Обратимся теперь к Уаттсу и мы очутимся сразу в мире видений, где настоящая жизнь расплывается, а наши представления о благородстве и красоте, которыми мы украшаем жизнь, принимают образ и становятся видимыми. Вся эта галерея картин – одно большое откровение: жизнь, смерть, любовь и человечество теряют свой первоначальный облик; они приобретают более изящества, благородства, красоты, и даже драпировки представляют собой или скрещивающиеся озера гармонии красок или же прекрасные знамена, в роде развивающейся мантии на картине Тициана Бахус, находящейся в «Национальной Галерее». Если бы допустить, что таков мир, то надо было бы допустить, что мы живем небесной жизнью. Это значит потерять все и найти свою собственную душу. Пока мы не дойдем до того, чтобы понять насколько это плохая сделка, мы не можем сомневаться в искусстве Уаттса, конечно, предполагая заранее, что наше зрение достаточно изощрено, чтобы понимать линии и язык красок.
Кто желает подражать моему идиотскому геройству в области критики, – при случае, описанном мною в связи с господином Шильдсом, – тот не может сделать ничего лучшего, как критиковать каждого художника заранее предполагая, что искусство другого является настоящим искусством. Это приведет кратчайшим путем к тому заключению, что или большая картина Уаттса, изображающая кучера с лошадьми, является единственно крупным произведением, какое он когда-либо создал, или же, что в картинах Мэдокса Брауна нет ничего вечного, кроме различных украшений, мебели, нескольких удачных эффектов освещенного воздуха и технических фокусов и его комбинации портретного стиля Гольбейна, Антонио Мороса и Рембрандта в фантастическом портрете Шекспира. В данном случае я желаю моим читателям дать понять, что такое заключение не является доказательством ничтожности Уаттса или Мэдокса Брауна, а есть лишь reductio ab absurdum собственного критического метода.
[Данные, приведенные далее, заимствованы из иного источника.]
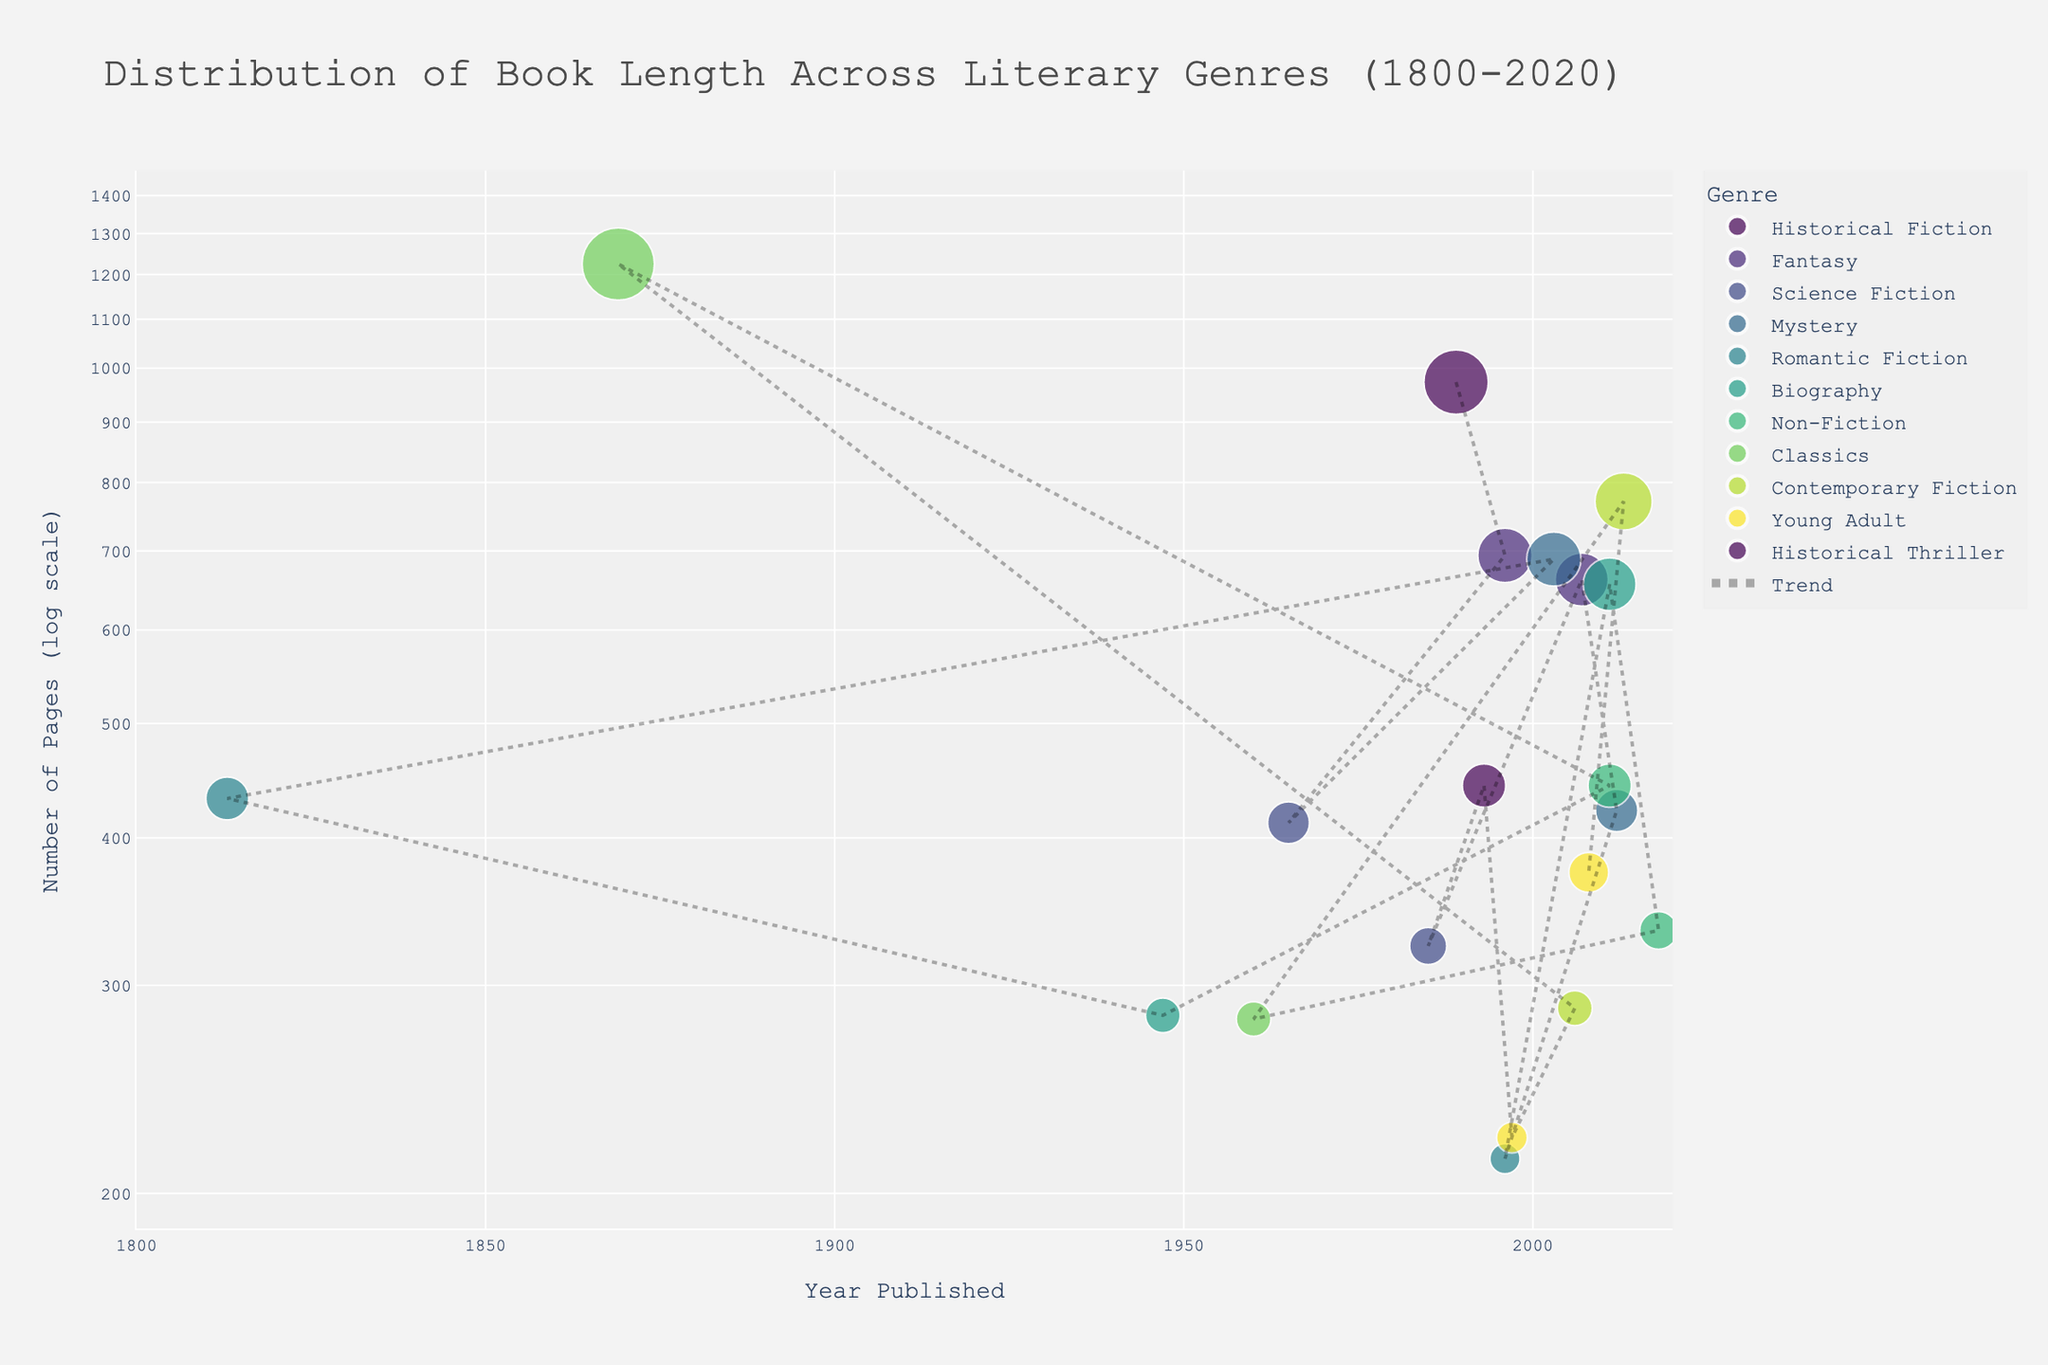What is the title of the figure? The title is usually displayed at the top of the figure. In this case, it reads "Distribution of Book Length Across Literary Genres (1800-2020)"
Answer: Distribution of Book Length Across Literary Genres (1800-2020) What does the y-axis represent, and how is it scaled? The y-axis represents the "Number of Pages" but it is scaled logarithmically (log scale), which compresses the visual distances between points of larger values.
Answer: Number of Pages (log scale) What is the range of the x-axis? The x-axis range is specified in the code: it spans from 1800 to 2020, covering the publication years of the books listed.
Answer: 1800 to 2020 Which genre appears to have the book with the largest number of pages? By inspecting the scatter plot, the book with the largest number of pages will be the highest point on the plot. This point corresponds to "War and Peace" in the Classics genre with 1,225 pages.
Answer: Classics What is the average number of pages for "Non-Fiction" genre books in the year 2011? Identify the books in the Non-Fiction genre published in 2011 and calculate their average pages. The books are "Sapiens: A Brief History of Humankind" (443 pages) and "Steve Jobs" (656 pages). The average is (443 + 656) / 2.
Answer: 549.5 By how many pages does "The Pillars of the Earth" exceed the average page count of the "Fantasy" genre in its era? First, identify the Fantasy genre books and their corresponding page counts: "A Game of Thrones" (694 pages) and "The Name of the Wind" (662 pages). Their average is (694 + 662) / 2 = 678. Compare this with "The Pillars of the Earth" (973 pages). Subtract the average pages of the Fantasy genre from "The Pillars of the Earth": 973 - 678.
Answer: 295 Which published year has more pages on average, 1996 or 2011? We count the number of books and sum their pages then divide by the number of books for each year. 1996: "A Game of Thrones" (694 pages) and "The Notebook" (214 pages). Average: (694 + 214) / 2 = 454. 2011: "Sapiens" (443 pages) and "Steve Jobs" (656 pages). Average: (443 + 656) / 2 = 549.5.
Answer: 2011 In which year was the shortest book published, and what is its genre? The shortest book will be the lowest point on the y-axis. Investigate the point, noting down the year and genre. The shortest book is "Harry Potter and the Philosopher's Stone" (Young Adult, 1997).
Answer: 1997, Young Adult How does the log scale affect the visualization of books with large differences in page numbers? A log scale condenses larger values and spreads smaller values, making differences in lower ranges more evident and reducing the apparent variance among very high values. This spreads out books with fewer pages and groups those with many pages closer together.
Answer: It makes differences in lower values more evident and compresses higher values Is there an evident trend in the number of pages over the years, and how is it represented? From the trend line added to the plot, one can observe if the number of pages is increasing, decreasing, or stable over time. In this plot, the trend line can indicate a general increase or stability.
Answer: There's a slight increase indicated by the trend line 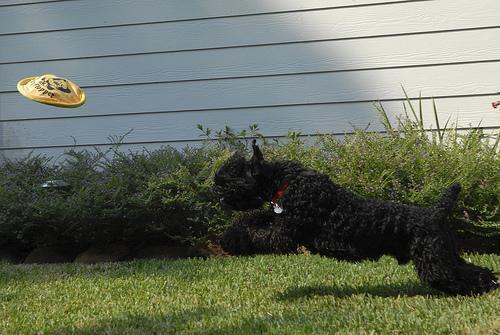How many frisbees are there?
Give a very brief answer. 1. 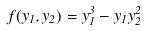Convert formula to latex. <formula><loc_0><loc_0><loc_500><loc_500>f ( y _ { 1 } , y _ { 2 } ) = y _ { 1 } ^ { 3 } - y _ { 1 } y _ { 2 } ^ { 2 }</formula> 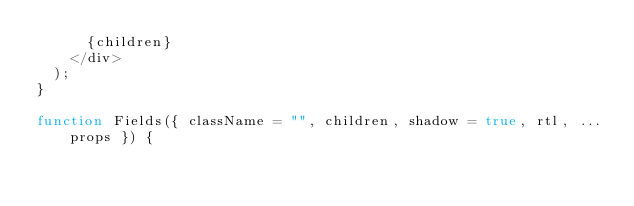<code> <loc_0><loc_0><loc_500><loc_500><_JavaScript_>      {children}
    </div>
  );
}

function Fields({ className = "", children, shadow = true, rtl, ...props }) {</code> 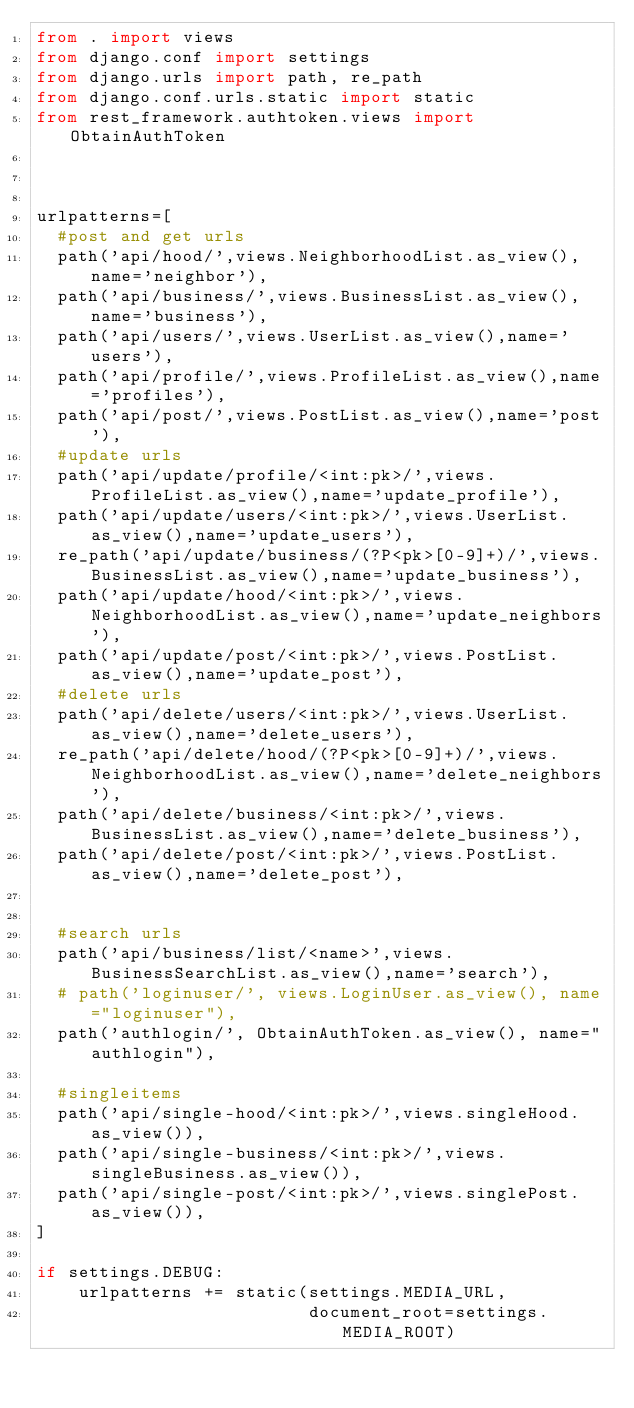<code> <loc_0><loc_0><loc_500><loc_500><_Python_>from . import views
from django.conf import settings
from django.urls import path, re_path
from django.conf.urls.static import static
from rest_framework.authtoken.views import ObtainAuthToken



urlpatterns=[
  #post and get urls
  path('api/hood/',views.NeighborhoodList.as_view(),name='neighbor'),
  path('api/business/',views.BusinessList.as_view(),name='business'),
  path('api/users/',views.UserList.as_view(),name='users'),
  path('api/profile/',views.ProfileList.as_view(),name='profiles'),
  path('api/post/',views.PostList.as_view(),name='post'),
  #update urls
  path('api/update/profile/<int:pk>/',views.ProfileList.as_view(),name='update_profile'),
  path('api/update/users/<int:pk>/',views.UserList.as_view(),name='update_users'),
  re_path('api/update/business/(?P<pk>[0-9]+)/',views.BusinessList.as_view(),name='update_business'),
  path('api/update/hood/<int:pk>/',views.NeighborhoodList.as_view(),name='update_neighbors'),
  path('api/update/post/<int:pk>/',views.PostList.as_view(),name='update_post'),
  #delete urls
  path('api/delete/users/<int:pk>/',views.UserList.as_view(),name='delete_users'),
  re_path('api/delete/hood/(?P<pk>[0-9]+)/',views.NeighborhoodList.as_view(),name='delete_neighbors'),
  path('api/delete/business/<int:pk>/',views.BusinessList.as_view(),name='delete_business'),
  path('api/delete/post/<int:pk>/',views.PostList.as_view(),name='delete_post'),


  #search urls
  path('api/business/list/<name>',views.BusinessSearchList.as_view(),name='search'),
  # path('loginuser/', views.LoginUser.as_view(), name="loginuser"),
  path('authlogin/', ObtainAuthToken.as_view(), name="authlogin"),

  #singleitems
  path('api/single-hood/<int:pk>/',views.singleHood.as_view()),
  path('api/single-business/<int:pk>/',views.singleBusiness.as_view()),
  path('api/single-post/<int:pk>/',views.singlePost.as_view()),
]

if settings.DEBUG:
    urlpatterns += static(settings.MEDIA_URL,
                          document_root=settings.MEDIA_ROOT)</code> 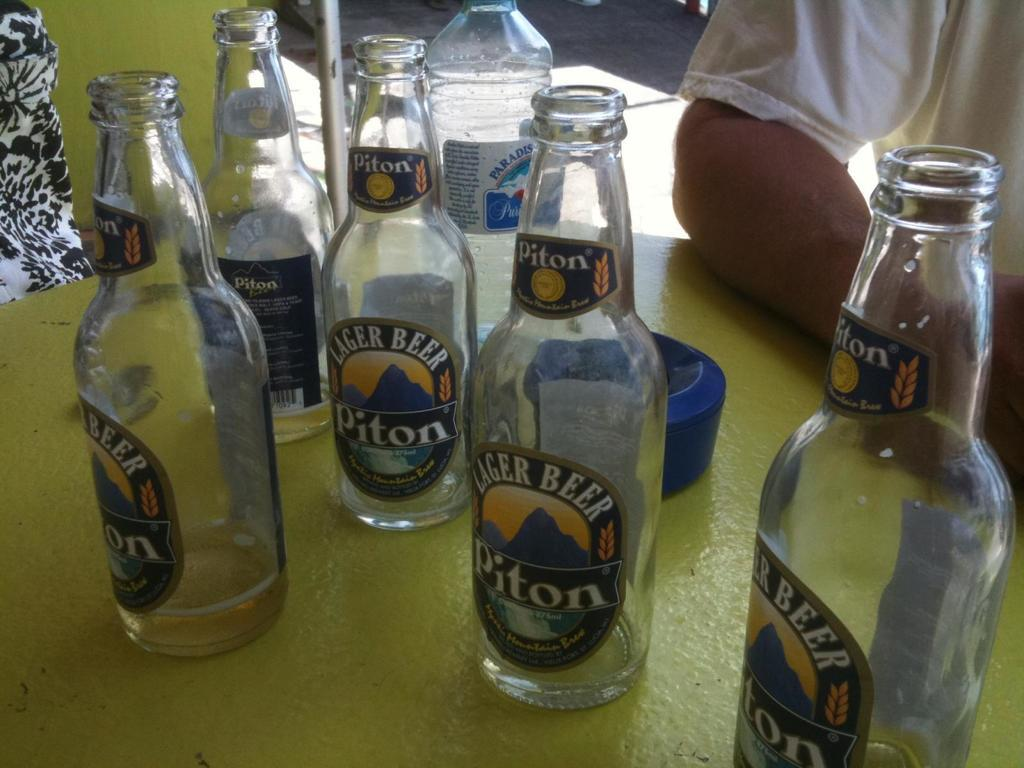Provide a one-sentence caption for the provided image. Piton lager beer bottles sit empty on a table.

Но я слышу вопрос: какое отношение все это имеет к драме, о которой вы желали говорить? Милый читатель, если бы все это не имело даже никакого отношения к драме, этот вопрос был бы ничтожной наградой за тот труд, что я трачу на облагораживание твоего духа. Но оставим это! Тебе никогда не бросалось в глаза то сходство между знакомыми нам приступами вражды к Ибсену и теми насмешками, презрением, ужасным отвращением и непобедимым ложным толкованием, которые вызвал Мэдокс Браун? Не думаешь ли ты, что тоже самое действие и та же самая причина заставили Ибсена избрать темой для своих произведений не юность, красоту, нравственность, благородный образ жизни и приличия такими, как они понимаются господином Смитом из Брикстона и Безвотера, а настоящую жизнь, так же мало принимая во внимание мечты и кичливость бедного Смита, как мало обращает внимания на его блестящий цилиндр погода, когда он выходит из дома без дождевого зонта? Разве ты забыл, что Ибсен был раньше также идеалистом, как Уаттс, и что ты можешь спокойно читать в Новой Галерее его «Борьбу за престол» или «Бранда», или «Царя и галилеянина» так же, как ты можешь повесить в Галерее Королевской Академии картины Мэдокса Брауна «Паризина» или «Смерть Гарольда»? Или же не слыхал ты, как идеалисты, презирающие реалистические драмы Ибсена, заявляют, что его идеалистические произведения прекрасны, и что человек, создавший образ прекрасной Сольвейг, никогда не мог бы спуститься до Гедды Габлер, если бы он сохранил свои духовные силы?